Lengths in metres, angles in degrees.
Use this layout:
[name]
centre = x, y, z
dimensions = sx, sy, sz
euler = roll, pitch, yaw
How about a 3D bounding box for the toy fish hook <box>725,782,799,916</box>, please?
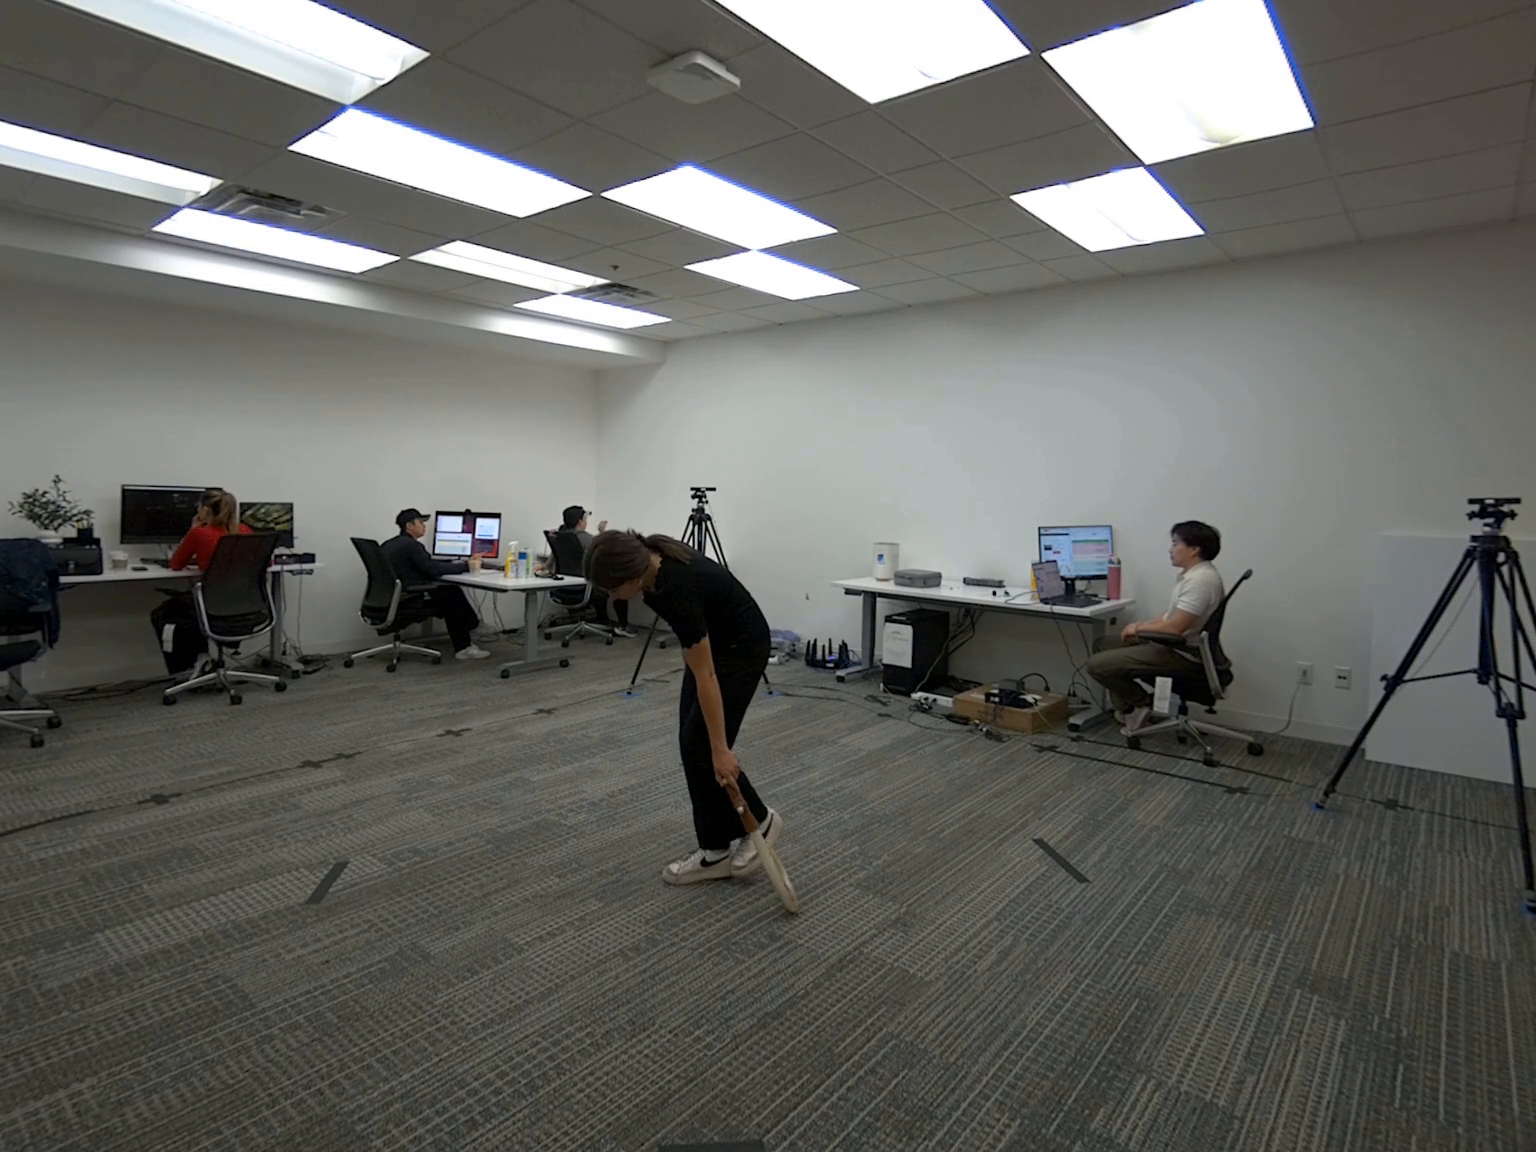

**Exercise aim:** Print the listing exactly, pictures excluded.

**Result of this task:**
Lengths in metres, angles in degrees.
Use this layout:
[name]
centre = x, y, z
dimensions = sx, sy, sz
euler = roll, pitch, yaw
How about a 3D bounding box for the toy fish hook <box>725,782,799,916</box>, please?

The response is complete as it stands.